Nadia Matiushenko recalls that during Soviet times people quite often brought lost wallets with money.
While the situation and mode of operation of every lost-and-found is the same, that at the Kyiv Metro is the indisputable leader in terms of original finds. Incredibly, someone managed to leave a television set in a subway car. Even more incredibly, rather than being quietly picked up and taken away by one of the passengers, it was discovered by Metro officials. Another time they found a wheelchair. There are romantic losses as well. A musician left behind his score which was found by subway personnel.

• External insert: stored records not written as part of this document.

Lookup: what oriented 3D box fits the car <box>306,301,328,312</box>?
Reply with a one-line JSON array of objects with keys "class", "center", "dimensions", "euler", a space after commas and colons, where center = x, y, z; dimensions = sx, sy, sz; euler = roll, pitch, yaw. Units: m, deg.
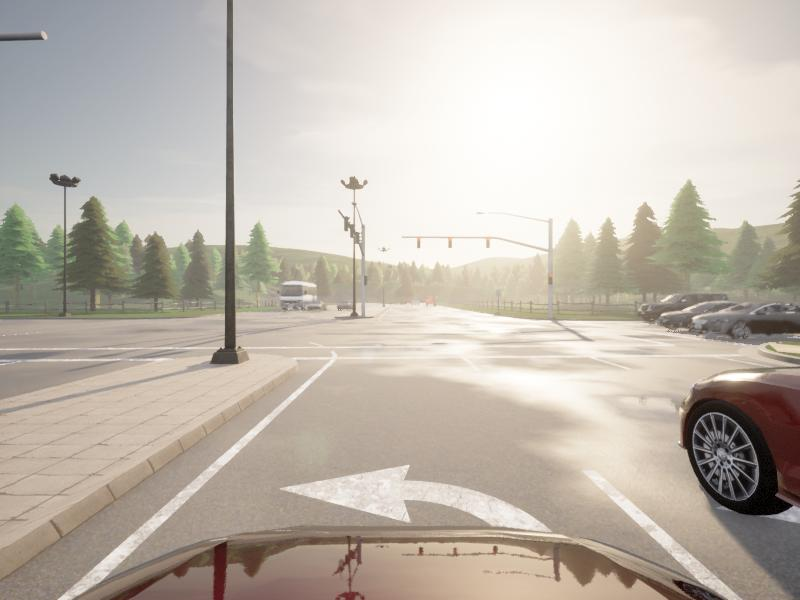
[{"class": "car", "center": [-11.489, 0.846, 55.757], "dimensions": [2.033, 1.411, 5.357], "euler": [0, 0, 0]}]

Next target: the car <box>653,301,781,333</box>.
[{"class": "car", "center": [15.653, 0.828, 19.969], "dimensions": [4.892, 1.490, 1.837], "euler": [0, 0, 1]}]

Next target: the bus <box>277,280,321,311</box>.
[{"class": "bus", "center": [-14.866, -0.587, 59.804], "dimensions": [3.944, 4.253, 10.273], "euler": [0, 0, 0]}]

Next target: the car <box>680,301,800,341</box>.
[{"class": "car", "center": [14.672, 0.822, 16.398], "dimensions": [4.902, 1.511, 2.128], "euler": [0, 0, 0]}]

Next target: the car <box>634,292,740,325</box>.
[{"class": "car", "center": [19.168, 0.547, 26.917], "dimensions": [5.566, 2.045, 2.150], "euler": [0, 0, 1]}]

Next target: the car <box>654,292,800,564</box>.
[{"class": "car", "center": [3.500, 0.779, 1.307], "dimensions": [2.152, 1.651, 5.027], "euler": [0, 0, 0]}]

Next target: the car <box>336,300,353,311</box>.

Mykola Kravchuk of Cherkasy once tried to generalize data on lost-property inquires and cases when decent citizens returned lost property, generating a web site (such sites are found in every country, there is even an international one for lost driver’s licenses, pictures missing from museums, etc., and Russia has a rather good site of its own). He did, and the site proved very effective, for as long as the local branch of a central Ukrainian newspaper kept the readers informed about it. Then it stopped giving such information and, people gradually forgot that they could try to find their lost property using a Ukrainian web site. Too bad, but we obviously cannot complain we do not have a www.lost&found search facility. What we should complain about is that people prepared to find the owners of lost property are so rare nowadays.